AI-Generated Research: This report is for informational purposes only.

๐Ÿ“˜ HAEMONETICS CORP (HAE) โ€” Investment Overview

๐Ÿงฉ Business Model Overview

Haemonetics operates in the blood management and transfusion workflow, selling both systems and the consumables and services that support them. The value chain is anchored in blood centers and hospitals, where customers use equipment for collection, processing, and patient-specific transfusion strategies. Once a facility standardizes its blood-processing workflow, it typically continues using compatible instruments, disposables, and replenishment programs, supported by service and training.

A key feature of the business model is the installed base dynamic: equipment purchases create an ongoing demand stream for replacement consumables and service activities, rather than a purely one-off sale of capital equipment.
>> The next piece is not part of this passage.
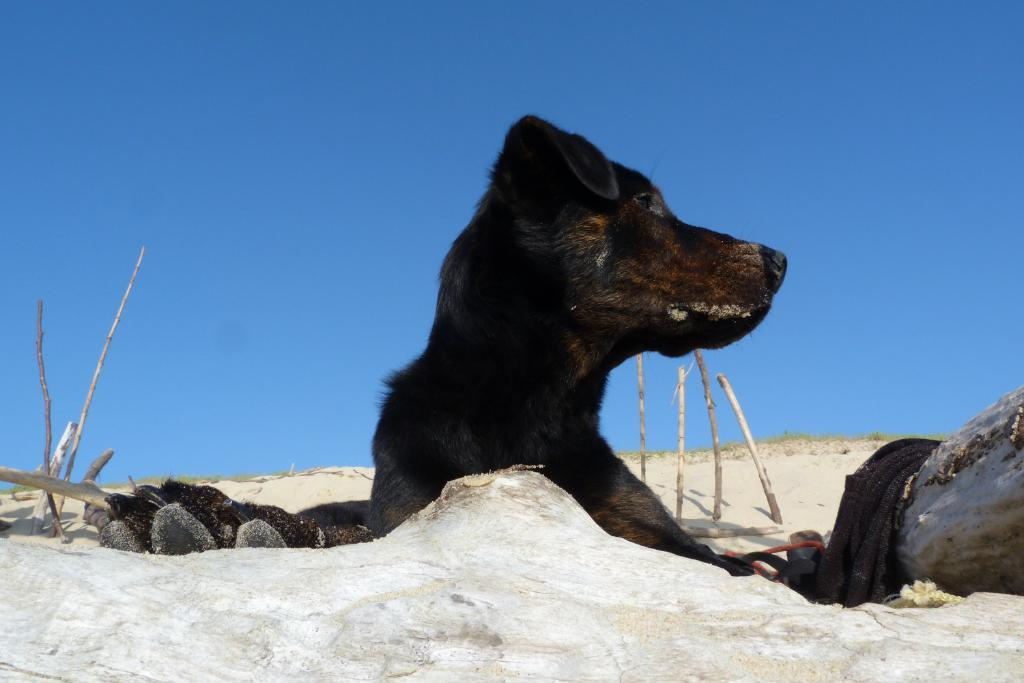What type of animal is in the picture? There is a dog in the picture. What color is the dog? The dog is black in color. What other objects can be seen in the picture? There are wooden poles in the picture. What can be seen in the background of the picture? The sky is visible in the background of the picture. What type of cake is being served on the wooden poles in the picture? There is no cake present in the picture; it features a black dog and wooden poles. How many matches are visible on the dog's paws in the picture? There are no matches present in the picture; it features a black dog and wooden poles.

๐Ÿ’ฐ Revenue Streams & Monetisation Model

Revenue is generally driven by a combination of:

  • Consumables/disposables: recurring usage tied to blood collection and processing volumes (more repeatable and typically higher-margin than hardware).
  • Systems: higher-value, capital equipment and upgrades sold to expand or modernize capacity.
  • Service and support: ongoing maintenance, calibration, parts, and field support that help preserve uptime and compliance.

Margin structure is primarily influenced by the mix shift toward consumables and the durability of the installed base. Service and parts can also provide steadier gross margin when instrument utilization remains stable, while hardware sales can introduce volatility due to budgeting cycles at blood operators and healthcare providers.
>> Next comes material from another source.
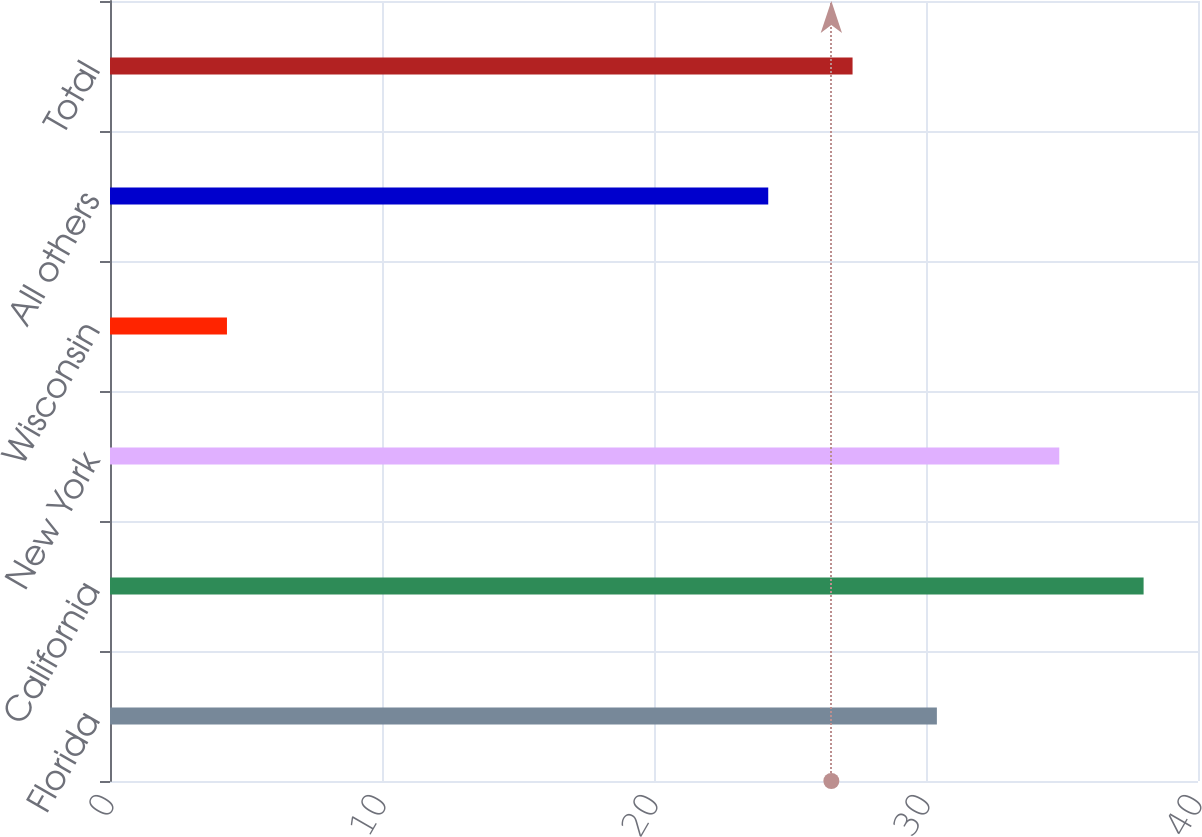<chart> <loc_0><loc_0><loc_500><loc_500><bar_chart><fcel>Florida<fcel>California<fcel>New York<fcel>Wisconsin<fcel>All others<fcel>Total<nl><fcel>30.4<fcel>38<fcel>34.9<fcel>4.3<fcel>24.2<fcel>27.3<nl></chart>

๐Ÿง  Competitive Advantages & Market Positioning

Moat: Switching costs + Installed-base workflow integration + Regulatory/quality barriers.

Haemonetics benefits from structural stickiness because blood-processing workflows require validated protocols, trained operators, and tightly managed quality systems. Equipment and related consumables are not plug-and-play across vendors; facilities often standardize platforms to minimize operational risk and preserve clinical and regulatory compliance. This creates practical switching costs in the form of:

  • Validation and operational qualification for new equipment/disposables
  • Training and change management across staff and procedures
  • Uptime and service dependence on established vendor support
  • Inventory and purchasing standardization for disposables

Competitive benchmarking:

  • Terumo BCT: broad presence across blood components and cell-processing workflows, competing on platform performance and customer programs.
  • Grifols: vertically integrated position in plasma and transfusion-related operations, with competitive offerings shaped by its footprint in plasma-derived processes.
  • Baxter (and related blood management competitors): competes through equipment and broader healthcare supply capabilities.

Haemoneticsโ€™ positioning centers on blood management systems and disposables with deep workflow integration in transfusion and collection environments, whereas several larger peers leverage different degrees of vertical integration or broader healthcare product portfolios. Across competitors, the winning factor is often not just device performance, but the ability to lock in standardized workflows that translate into long-lived consumables and service demand.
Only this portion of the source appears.